Extracted data entries:
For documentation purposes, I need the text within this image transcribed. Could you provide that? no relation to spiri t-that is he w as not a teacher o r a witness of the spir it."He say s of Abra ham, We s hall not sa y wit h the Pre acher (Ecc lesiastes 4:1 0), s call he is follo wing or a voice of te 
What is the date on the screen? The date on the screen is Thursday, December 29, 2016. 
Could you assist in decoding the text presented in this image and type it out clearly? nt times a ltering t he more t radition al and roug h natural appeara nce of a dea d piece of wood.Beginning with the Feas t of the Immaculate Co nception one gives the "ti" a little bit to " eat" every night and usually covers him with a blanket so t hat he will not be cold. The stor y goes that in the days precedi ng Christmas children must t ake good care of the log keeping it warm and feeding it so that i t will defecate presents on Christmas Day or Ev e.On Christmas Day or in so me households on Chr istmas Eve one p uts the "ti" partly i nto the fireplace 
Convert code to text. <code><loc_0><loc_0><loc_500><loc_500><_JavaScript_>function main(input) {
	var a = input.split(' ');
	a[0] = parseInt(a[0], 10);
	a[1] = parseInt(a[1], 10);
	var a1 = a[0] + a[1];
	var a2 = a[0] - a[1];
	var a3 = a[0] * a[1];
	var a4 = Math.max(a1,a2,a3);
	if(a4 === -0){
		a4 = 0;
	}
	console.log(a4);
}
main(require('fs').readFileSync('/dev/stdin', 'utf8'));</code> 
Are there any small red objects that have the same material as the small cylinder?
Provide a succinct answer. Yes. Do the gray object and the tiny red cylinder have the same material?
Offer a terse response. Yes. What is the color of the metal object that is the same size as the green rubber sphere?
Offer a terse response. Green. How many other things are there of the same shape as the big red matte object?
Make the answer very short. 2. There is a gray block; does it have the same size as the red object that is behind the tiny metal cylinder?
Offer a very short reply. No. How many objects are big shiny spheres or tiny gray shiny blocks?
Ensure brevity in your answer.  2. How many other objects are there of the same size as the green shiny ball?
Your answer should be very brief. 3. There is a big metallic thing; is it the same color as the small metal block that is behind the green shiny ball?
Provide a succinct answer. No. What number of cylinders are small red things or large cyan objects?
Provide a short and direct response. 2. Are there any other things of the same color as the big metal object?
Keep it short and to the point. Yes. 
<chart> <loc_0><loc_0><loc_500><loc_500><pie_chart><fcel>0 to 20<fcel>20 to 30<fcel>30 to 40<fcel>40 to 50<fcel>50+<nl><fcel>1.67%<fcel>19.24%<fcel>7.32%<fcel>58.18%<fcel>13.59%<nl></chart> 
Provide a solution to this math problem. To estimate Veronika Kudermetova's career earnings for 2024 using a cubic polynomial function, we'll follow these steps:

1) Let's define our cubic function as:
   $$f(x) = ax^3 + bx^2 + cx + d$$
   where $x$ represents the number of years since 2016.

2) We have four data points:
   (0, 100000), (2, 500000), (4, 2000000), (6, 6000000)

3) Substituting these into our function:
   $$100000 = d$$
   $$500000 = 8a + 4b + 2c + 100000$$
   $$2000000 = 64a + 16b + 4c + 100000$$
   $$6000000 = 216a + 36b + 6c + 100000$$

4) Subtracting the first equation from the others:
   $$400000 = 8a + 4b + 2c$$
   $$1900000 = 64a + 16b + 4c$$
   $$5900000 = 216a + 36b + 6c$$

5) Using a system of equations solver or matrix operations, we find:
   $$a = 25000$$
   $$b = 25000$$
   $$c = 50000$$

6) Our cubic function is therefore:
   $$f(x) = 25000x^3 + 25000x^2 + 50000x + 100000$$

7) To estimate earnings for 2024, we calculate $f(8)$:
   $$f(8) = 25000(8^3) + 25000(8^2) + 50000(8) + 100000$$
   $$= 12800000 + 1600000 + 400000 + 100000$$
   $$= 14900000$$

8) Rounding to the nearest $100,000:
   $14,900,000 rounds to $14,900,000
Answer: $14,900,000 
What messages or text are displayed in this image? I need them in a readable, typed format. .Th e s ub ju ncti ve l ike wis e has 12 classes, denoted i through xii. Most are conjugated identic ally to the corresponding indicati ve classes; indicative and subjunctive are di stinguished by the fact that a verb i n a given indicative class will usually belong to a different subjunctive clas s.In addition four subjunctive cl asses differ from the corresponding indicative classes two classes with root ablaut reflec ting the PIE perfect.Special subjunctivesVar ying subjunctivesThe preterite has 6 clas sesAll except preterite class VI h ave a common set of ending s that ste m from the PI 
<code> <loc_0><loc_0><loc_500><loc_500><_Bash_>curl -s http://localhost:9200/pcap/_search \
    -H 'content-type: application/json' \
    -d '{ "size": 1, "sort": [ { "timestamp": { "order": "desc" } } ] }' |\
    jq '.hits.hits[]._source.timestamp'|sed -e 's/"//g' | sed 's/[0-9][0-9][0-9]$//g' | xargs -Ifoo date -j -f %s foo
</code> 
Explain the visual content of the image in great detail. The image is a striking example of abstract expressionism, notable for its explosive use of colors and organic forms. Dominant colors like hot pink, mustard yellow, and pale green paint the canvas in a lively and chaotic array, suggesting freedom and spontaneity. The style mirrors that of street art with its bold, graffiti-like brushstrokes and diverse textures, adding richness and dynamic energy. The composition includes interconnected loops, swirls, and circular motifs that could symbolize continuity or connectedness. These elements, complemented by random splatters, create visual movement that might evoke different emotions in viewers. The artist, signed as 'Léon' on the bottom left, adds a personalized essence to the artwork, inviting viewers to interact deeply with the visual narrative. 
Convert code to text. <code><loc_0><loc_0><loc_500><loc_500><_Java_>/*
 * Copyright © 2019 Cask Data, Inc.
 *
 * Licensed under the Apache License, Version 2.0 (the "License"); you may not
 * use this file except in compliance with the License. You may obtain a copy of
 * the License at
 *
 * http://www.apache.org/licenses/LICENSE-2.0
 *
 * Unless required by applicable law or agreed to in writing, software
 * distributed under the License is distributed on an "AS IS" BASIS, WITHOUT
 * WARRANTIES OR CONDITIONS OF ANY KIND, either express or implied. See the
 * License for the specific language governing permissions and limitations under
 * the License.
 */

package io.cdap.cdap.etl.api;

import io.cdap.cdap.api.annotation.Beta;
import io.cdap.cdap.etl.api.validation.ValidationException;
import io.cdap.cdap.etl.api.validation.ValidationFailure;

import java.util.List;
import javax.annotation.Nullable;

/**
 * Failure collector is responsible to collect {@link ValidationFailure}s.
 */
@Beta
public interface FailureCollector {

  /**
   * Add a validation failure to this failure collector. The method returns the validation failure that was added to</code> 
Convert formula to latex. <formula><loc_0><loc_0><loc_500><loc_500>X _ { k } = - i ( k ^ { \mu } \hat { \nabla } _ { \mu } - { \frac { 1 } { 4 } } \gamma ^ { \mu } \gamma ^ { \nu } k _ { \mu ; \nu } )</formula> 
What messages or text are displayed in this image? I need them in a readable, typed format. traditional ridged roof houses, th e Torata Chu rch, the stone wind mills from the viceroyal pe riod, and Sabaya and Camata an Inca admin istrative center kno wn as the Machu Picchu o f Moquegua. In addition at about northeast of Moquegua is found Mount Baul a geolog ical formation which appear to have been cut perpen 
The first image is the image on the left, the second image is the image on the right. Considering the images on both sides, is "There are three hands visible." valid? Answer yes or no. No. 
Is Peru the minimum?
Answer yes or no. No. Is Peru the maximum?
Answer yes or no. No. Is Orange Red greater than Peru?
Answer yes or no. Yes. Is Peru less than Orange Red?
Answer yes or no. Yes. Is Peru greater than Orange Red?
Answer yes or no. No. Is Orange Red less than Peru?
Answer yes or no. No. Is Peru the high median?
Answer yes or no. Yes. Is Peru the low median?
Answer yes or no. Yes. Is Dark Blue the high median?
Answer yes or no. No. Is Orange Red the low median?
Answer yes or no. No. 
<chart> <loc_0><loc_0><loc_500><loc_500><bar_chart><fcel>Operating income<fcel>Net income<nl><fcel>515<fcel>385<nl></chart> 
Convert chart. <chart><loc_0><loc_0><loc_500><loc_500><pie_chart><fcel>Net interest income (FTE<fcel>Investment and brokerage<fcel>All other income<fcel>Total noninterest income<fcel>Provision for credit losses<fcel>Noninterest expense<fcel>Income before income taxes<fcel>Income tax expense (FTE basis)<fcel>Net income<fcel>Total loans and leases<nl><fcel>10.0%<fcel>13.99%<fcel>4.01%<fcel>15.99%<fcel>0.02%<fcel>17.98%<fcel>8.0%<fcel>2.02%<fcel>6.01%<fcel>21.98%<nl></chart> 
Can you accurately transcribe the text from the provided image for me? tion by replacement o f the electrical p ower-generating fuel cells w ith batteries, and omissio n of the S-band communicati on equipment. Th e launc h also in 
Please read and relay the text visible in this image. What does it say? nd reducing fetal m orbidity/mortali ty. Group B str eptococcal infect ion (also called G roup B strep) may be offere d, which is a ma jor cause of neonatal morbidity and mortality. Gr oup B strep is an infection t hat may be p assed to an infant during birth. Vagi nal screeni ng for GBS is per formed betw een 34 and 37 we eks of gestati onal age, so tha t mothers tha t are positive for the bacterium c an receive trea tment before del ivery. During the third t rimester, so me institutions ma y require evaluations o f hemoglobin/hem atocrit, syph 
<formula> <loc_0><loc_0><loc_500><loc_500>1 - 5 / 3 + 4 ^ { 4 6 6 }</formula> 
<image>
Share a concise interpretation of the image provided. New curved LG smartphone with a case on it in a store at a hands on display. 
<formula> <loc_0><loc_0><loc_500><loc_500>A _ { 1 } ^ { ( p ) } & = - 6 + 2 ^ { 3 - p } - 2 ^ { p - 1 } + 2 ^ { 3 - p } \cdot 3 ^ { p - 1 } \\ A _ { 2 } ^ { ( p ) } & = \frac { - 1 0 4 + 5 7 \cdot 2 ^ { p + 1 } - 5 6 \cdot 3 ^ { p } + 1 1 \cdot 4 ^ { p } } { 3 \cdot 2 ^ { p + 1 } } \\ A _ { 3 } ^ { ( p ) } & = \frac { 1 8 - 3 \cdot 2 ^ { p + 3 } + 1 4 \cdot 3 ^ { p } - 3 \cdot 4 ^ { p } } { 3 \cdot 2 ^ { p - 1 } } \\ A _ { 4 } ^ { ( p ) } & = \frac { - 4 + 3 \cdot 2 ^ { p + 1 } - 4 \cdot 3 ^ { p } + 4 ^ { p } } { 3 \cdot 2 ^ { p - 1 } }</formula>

__PROMPT__: Say how many lines of the data include the word "function". Nothing other than the number should be given.

__SOLVED EXERCISE__: 5